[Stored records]
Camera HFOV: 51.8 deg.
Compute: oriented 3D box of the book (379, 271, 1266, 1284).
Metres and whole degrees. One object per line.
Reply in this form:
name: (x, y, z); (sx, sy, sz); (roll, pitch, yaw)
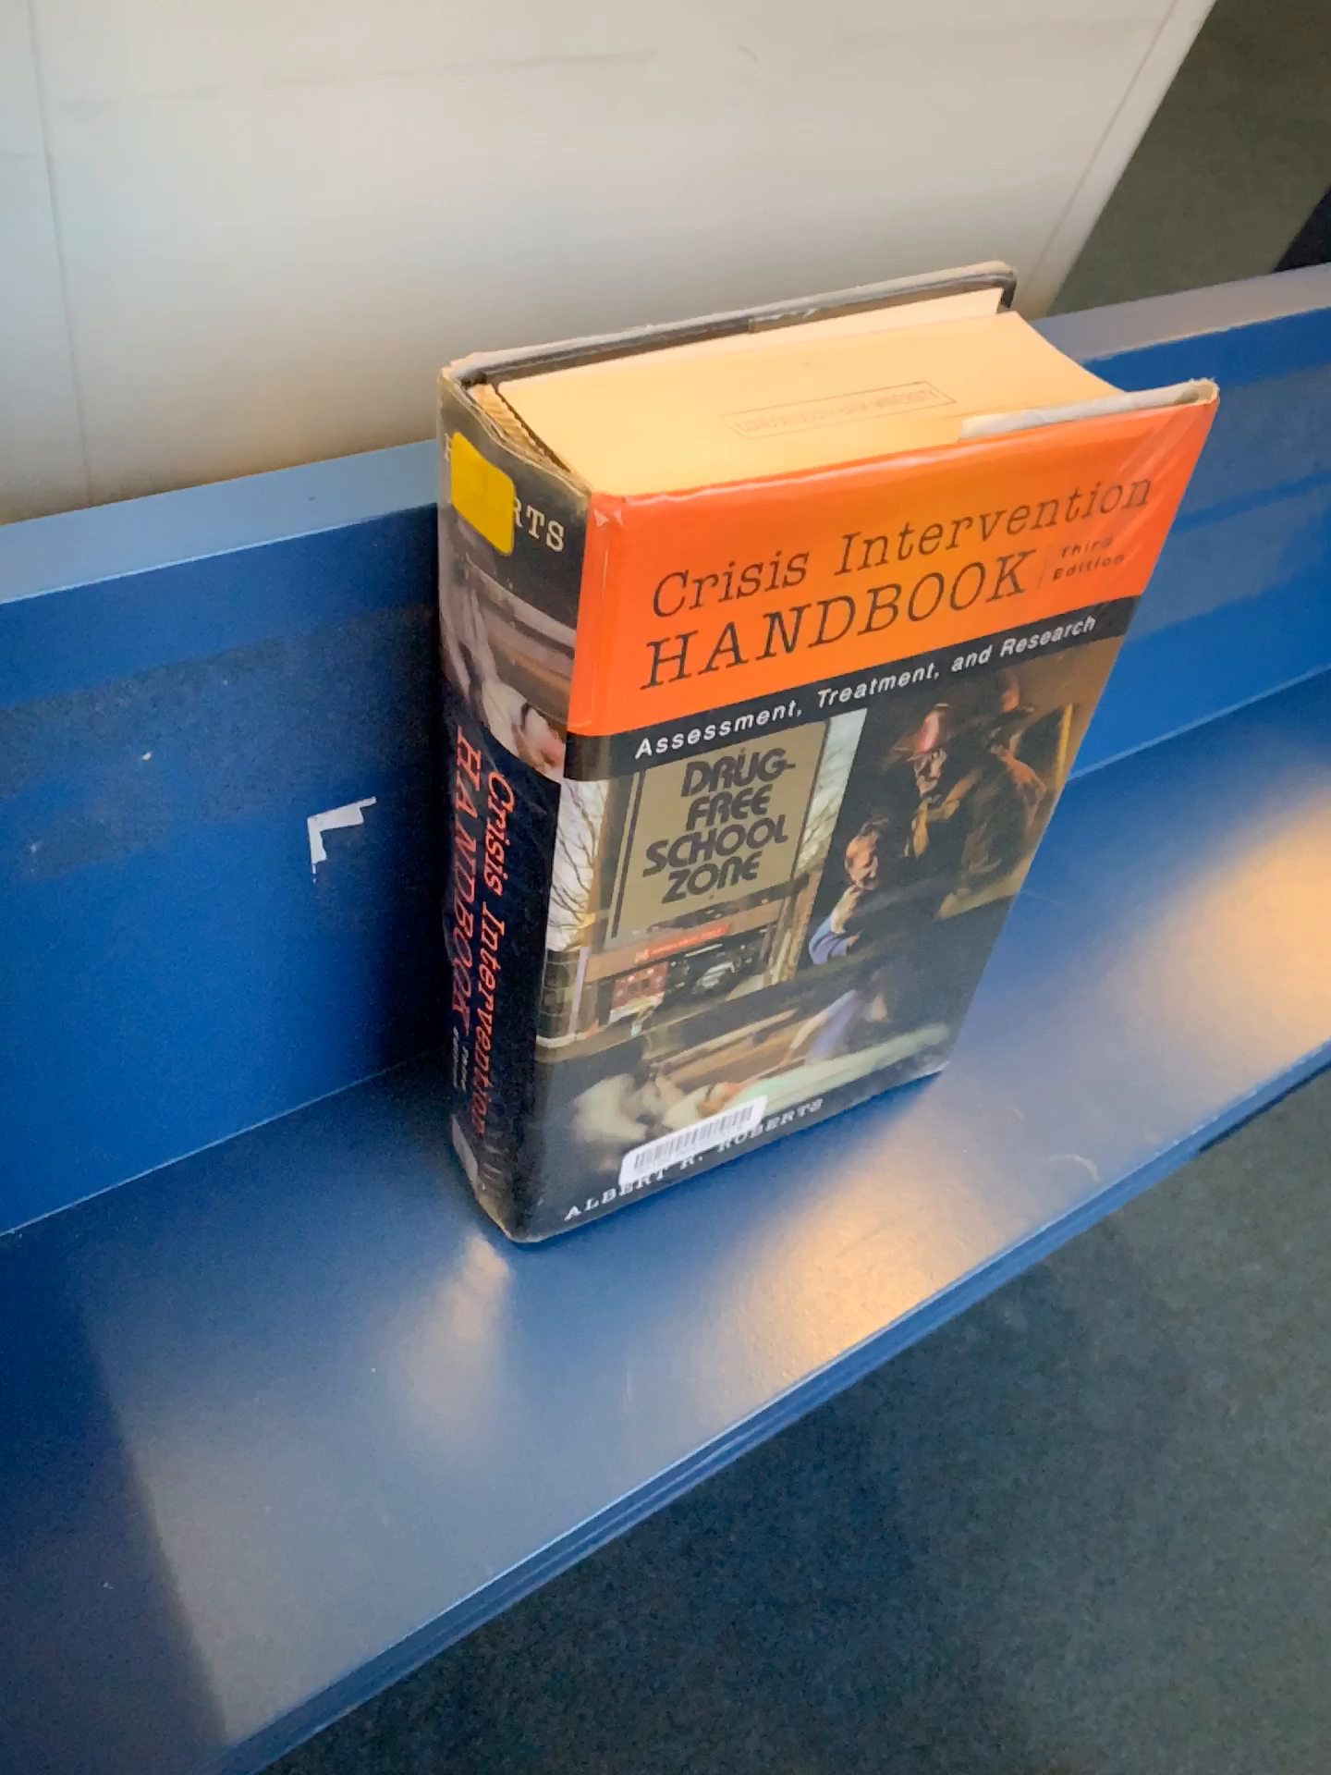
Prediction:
book: (0.026, -0.024, 0.375); (0.181, 0.238, 0.080); (-18, 49, -26)

**Task brief:**
Leave the pictures out and print every record exactly.

**Task result:**
Camera HFOV: 51.8 deg.
Compute: oriented 3D box of the book (379, 271, 1266, 1284).
Metres and whole degrees. One object per line.
Reply in this form:
name: (x, y, z); (sx, sy, sz); (roll, pitch, yaw)
Prediction:
book: (0.026, -0.024, 0.375); (0.181, 0.238, 0.080); (-18, 49, -26)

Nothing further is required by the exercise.